Analysis Services Tabular: Many-To-Many Relationships, Bridge Tables, and Blank Members
With bidirectional filtering in SQL Server Analysis Services (SSAS) Tabular 2016, it’s easier than ever to build many-to-many relationships into your model. But what are some ways to avoid trouble when building them? This post covers two topics: (1) a scenario that can cause Tabular to match completely unrelated groups across a many-to-many relationship, and (2) some strategies for automating your bridge tables (including where they might need some brains!). If you’re already comfortable with this topic, and just want to see some DAX, feel free to skip right to the calculated bridge tables.
Otherwise, let’s say you’ve built up your many-to-many relationship based on a bridge or relationship table someone generated in the database, and have measures based on one or both of the tables connected by the bridge. When looking at the results, you see that a number of the results appear to be duplicates, and some of the duplicated rows shouldn’t even be there! Having been in this situation myself, I took apart my model and found a surprising result: the unmatched members on both sides of my bridge were actually matching each other as a new, and blank, group.

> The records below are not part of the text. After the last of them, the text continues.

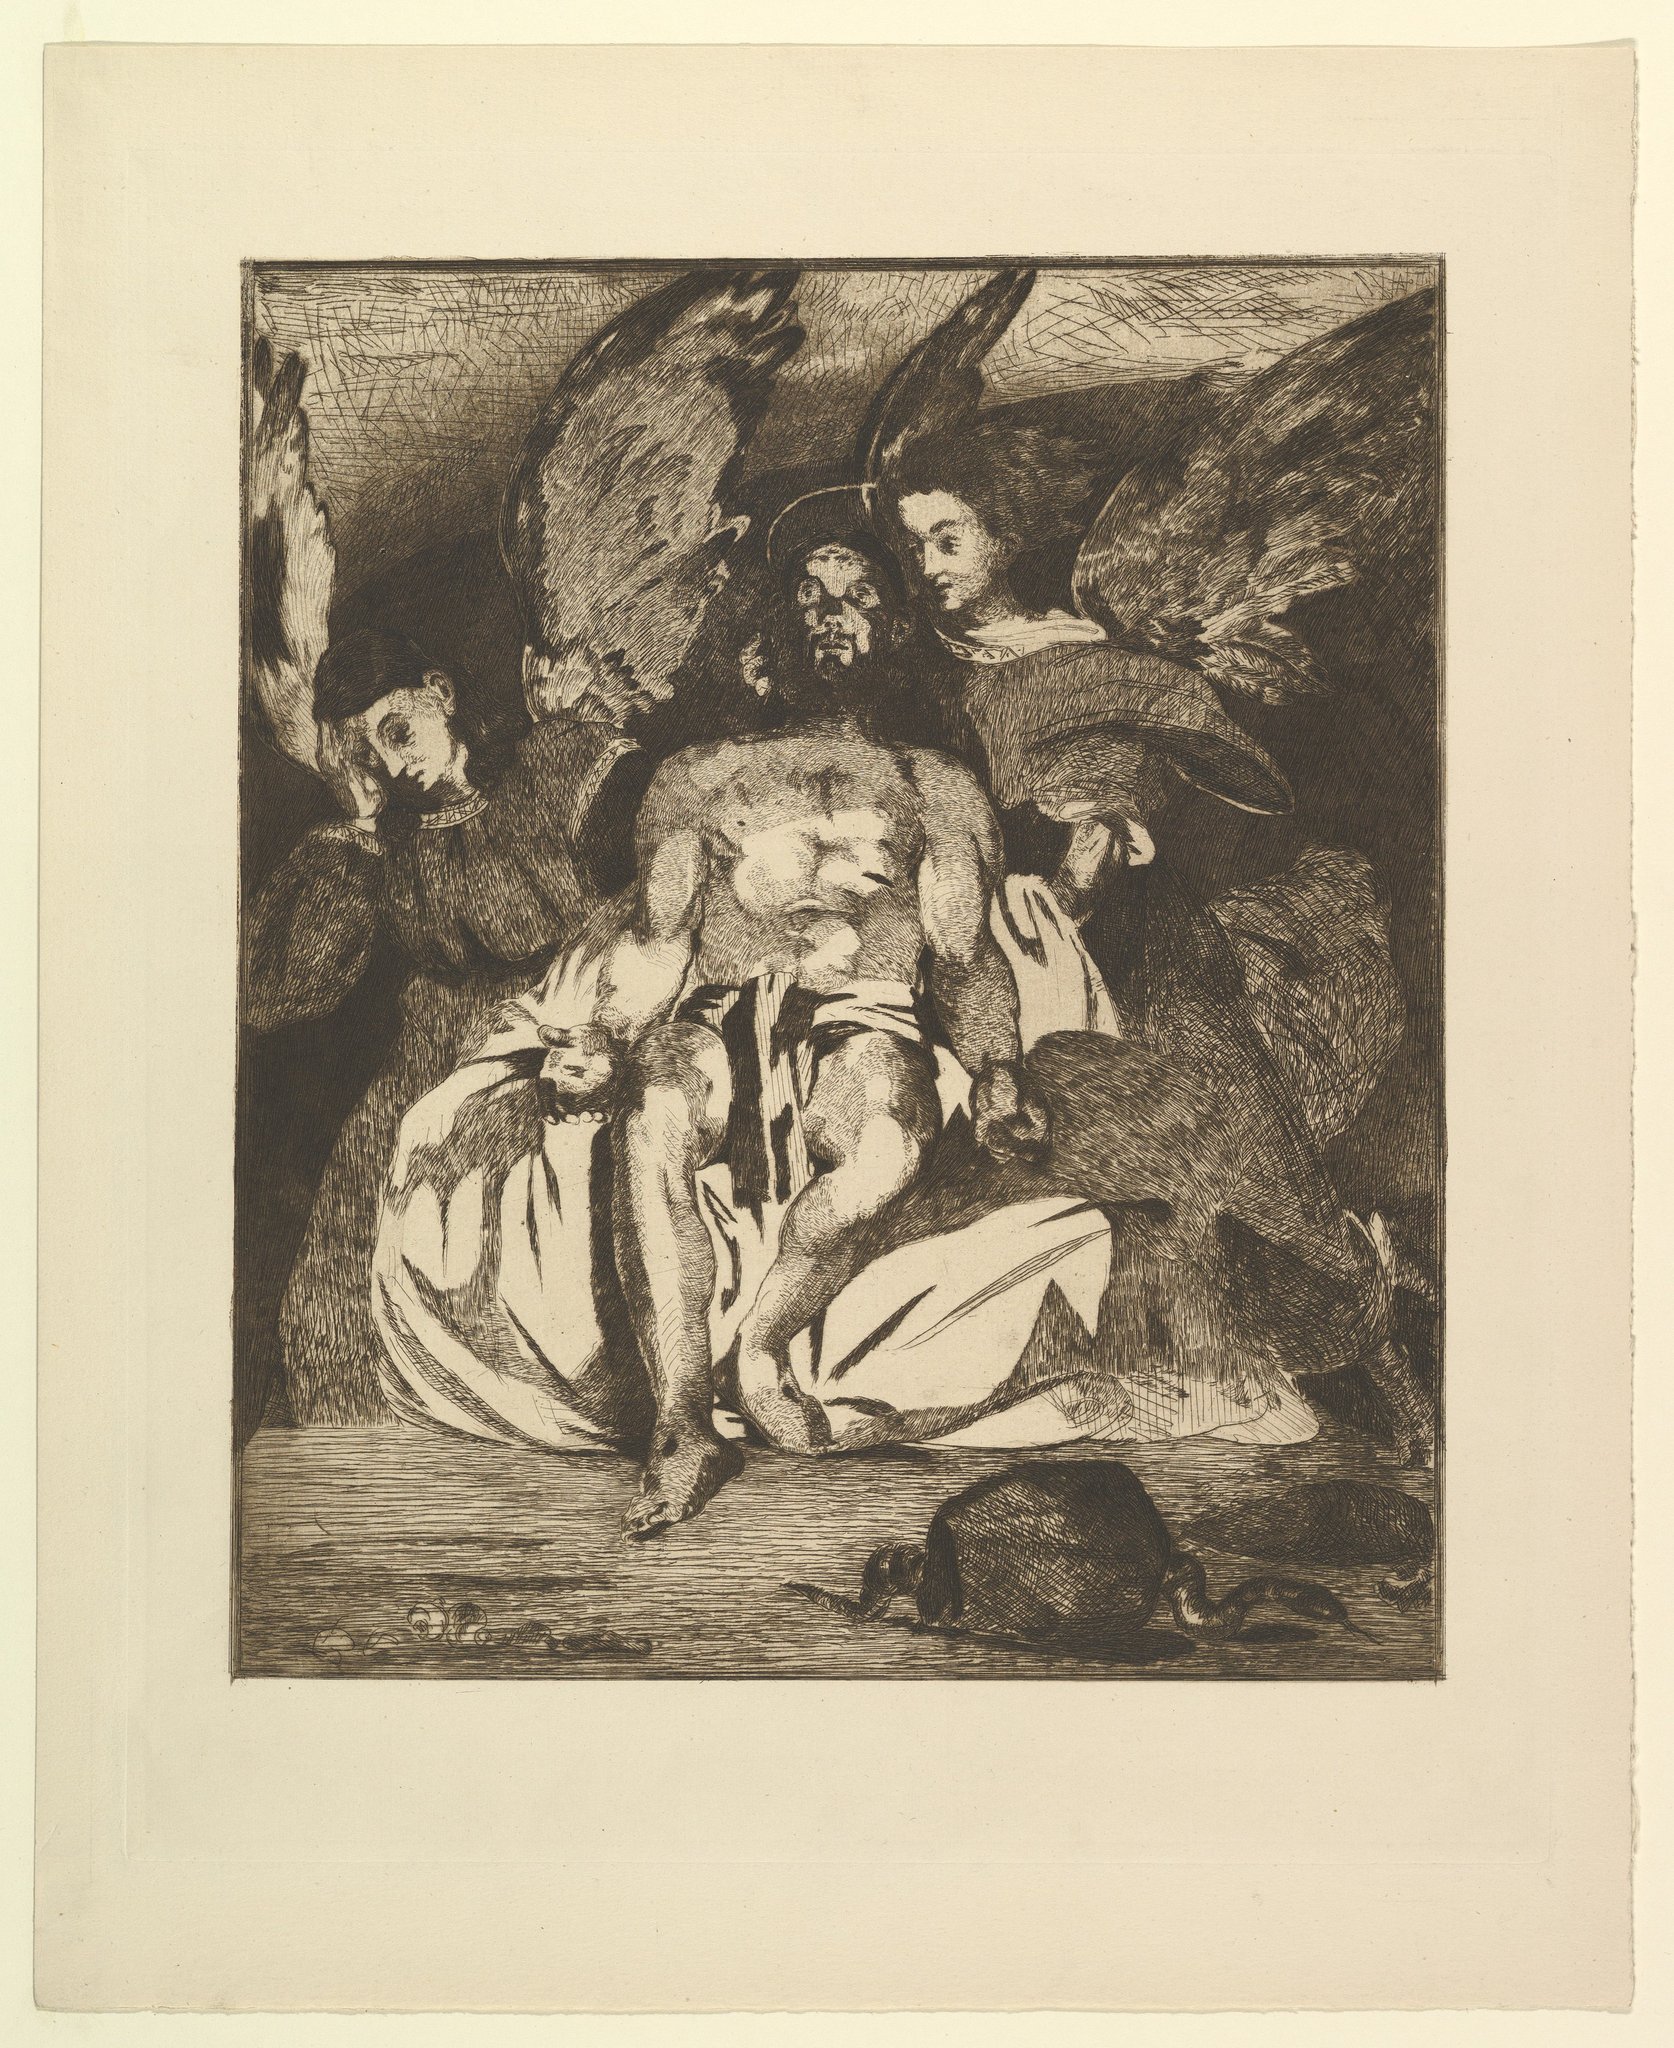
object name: print
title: Dead Christ with Angels
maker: édouard manet
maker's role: artist
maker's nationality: french
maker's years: 1832-1883
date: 1866-1867
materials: ink
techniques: aquatint, etching
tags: angels,christ,death
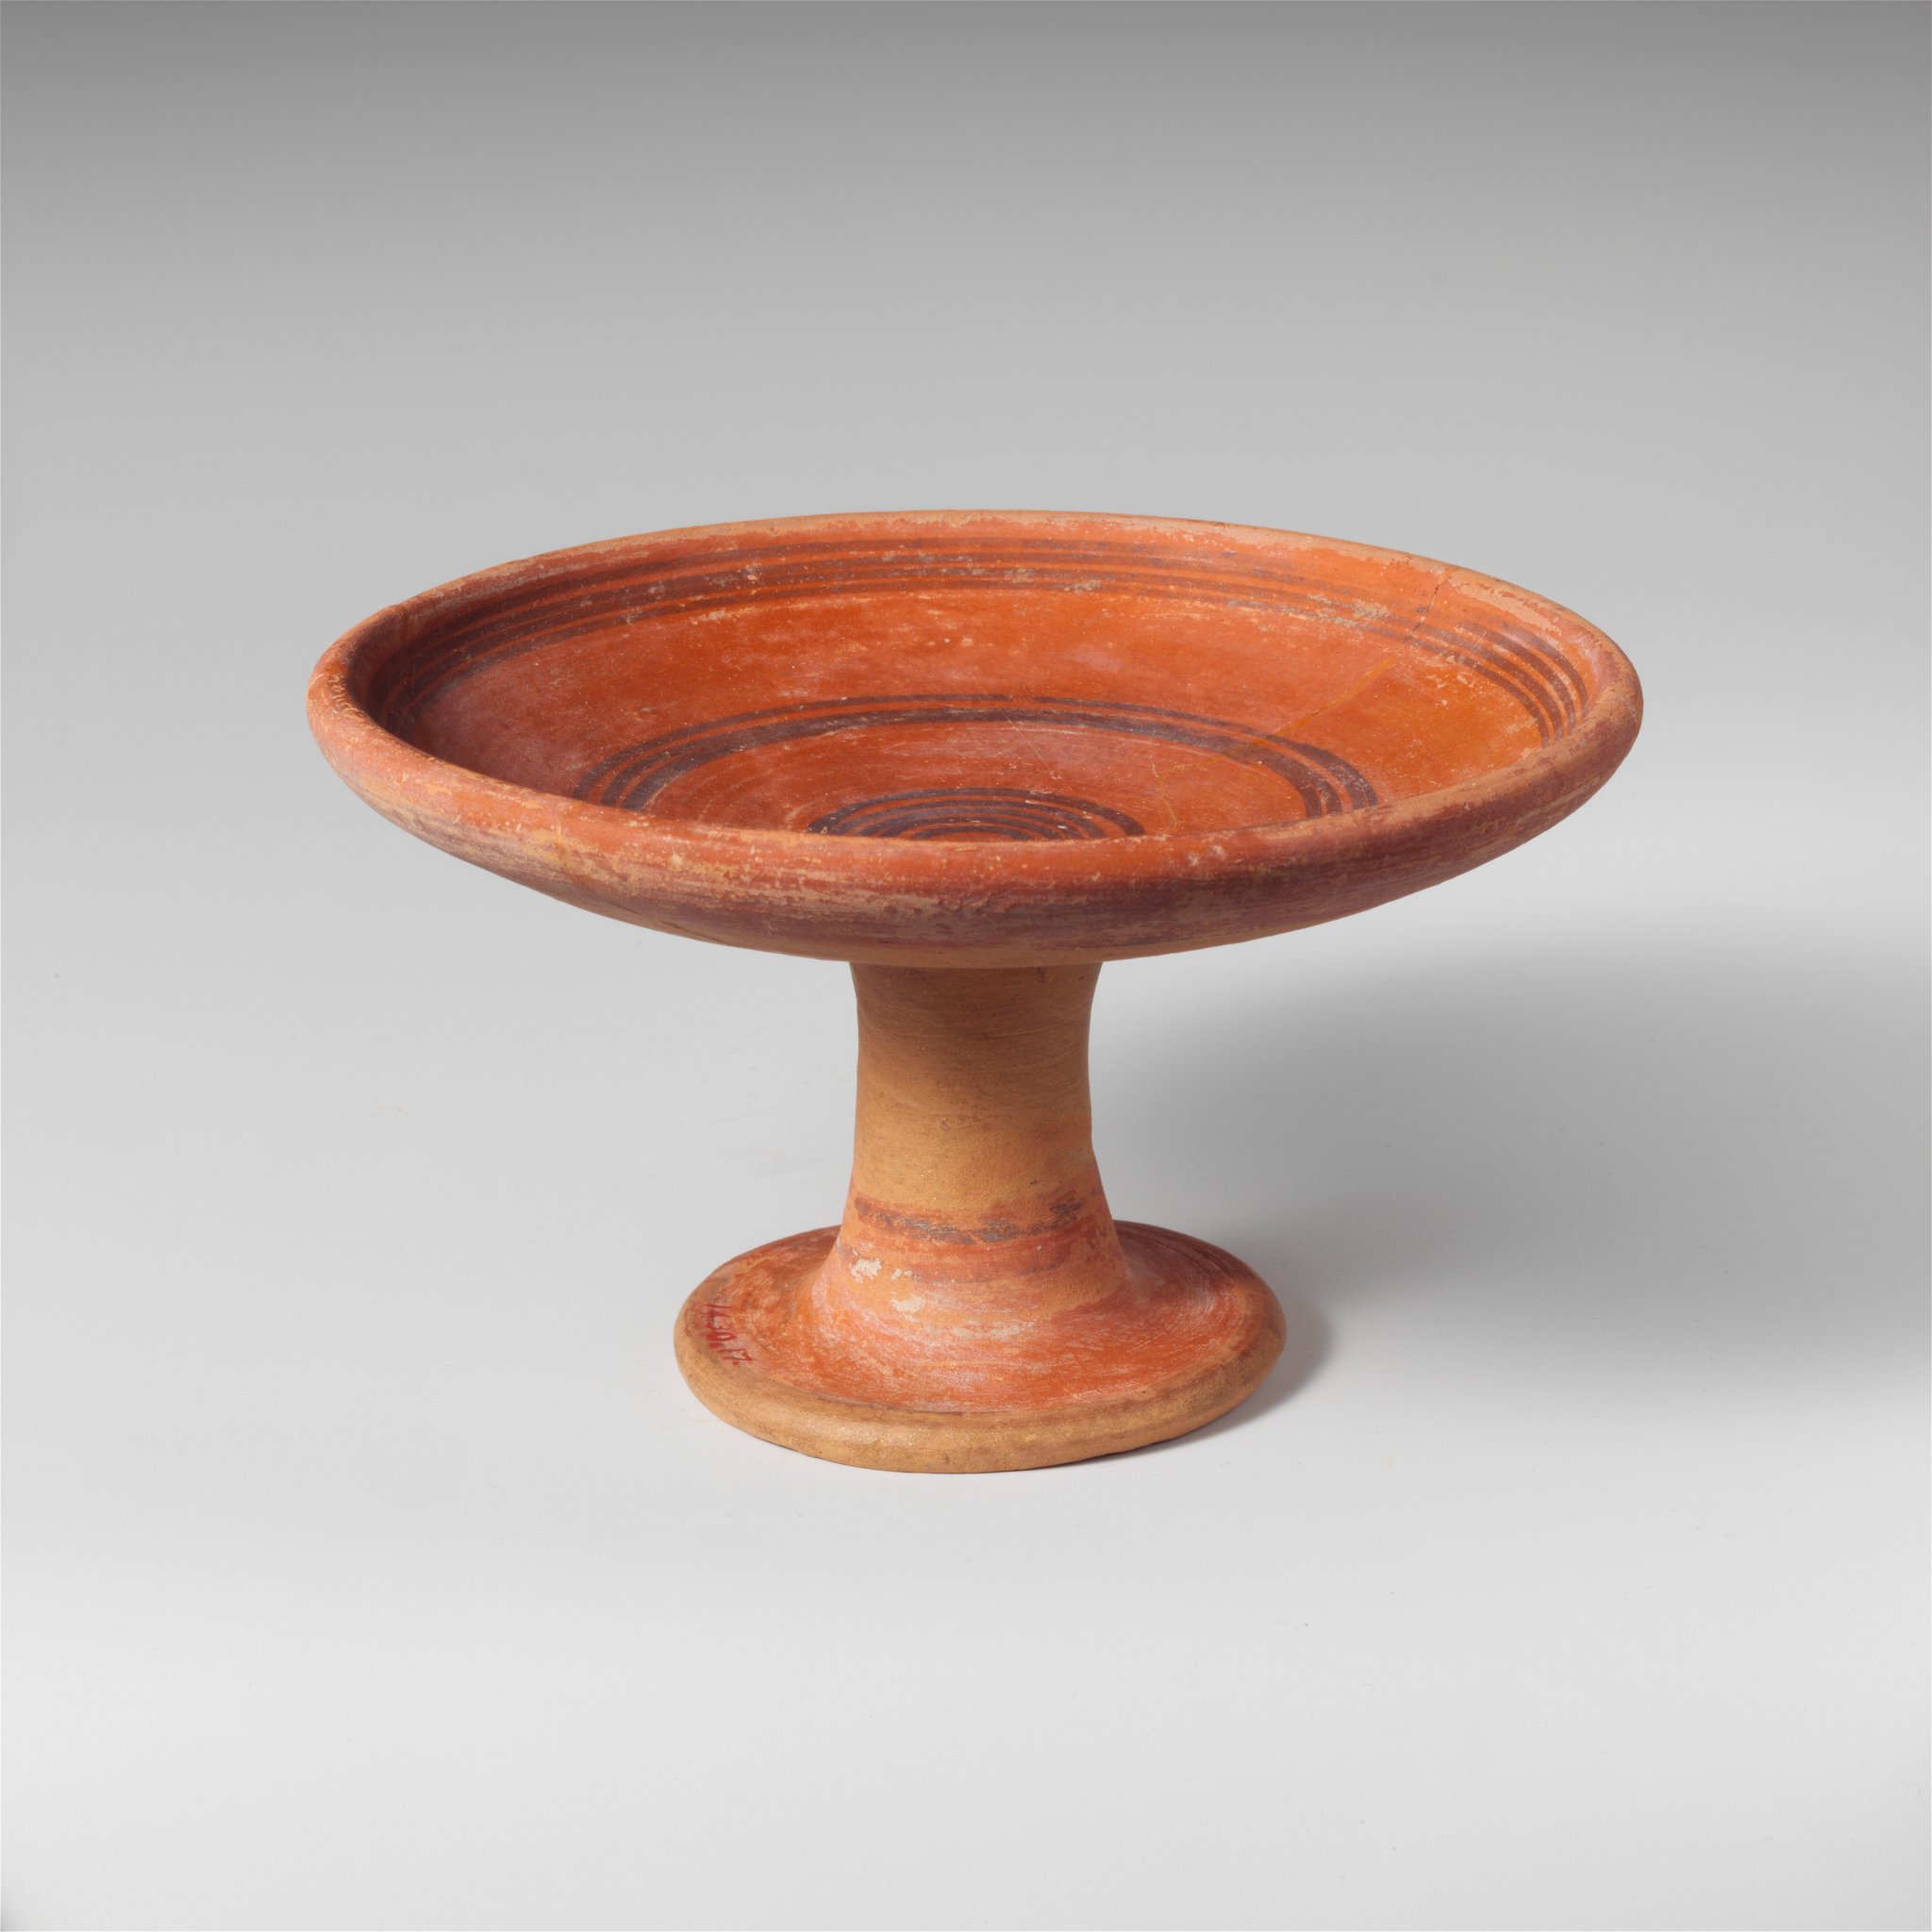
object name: stemmed dish
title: Terracotta stemmed dish
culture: lydian
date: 600-501 BCE
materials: terracotta

How does this happen in Tabular? In Multidimensional there is a concept called the “Unknown Member”, which you can set some of the display properties for. However, as with some of the other controls from Multidimensional, this was specifically left out of Tabular as low priority.
This Unknown Member is generated whenever a relationship does not find a match for one end, and in Tabular is represented by a new BLANK() member. Since a column with BLANK() values cannot fill the “1” role in a 1-to-Many relationship, this creates a unique situation where your bridge table effectively has an imaginary BLANK() row by default, which matches everything from another table that does not otherwise have a match, including actual BLANK values. This can get complicated when one or more sides of the relationship have BLANK or unmatched values, as this means that the virtual BLANK in the bridge is legitimately joining multiple items.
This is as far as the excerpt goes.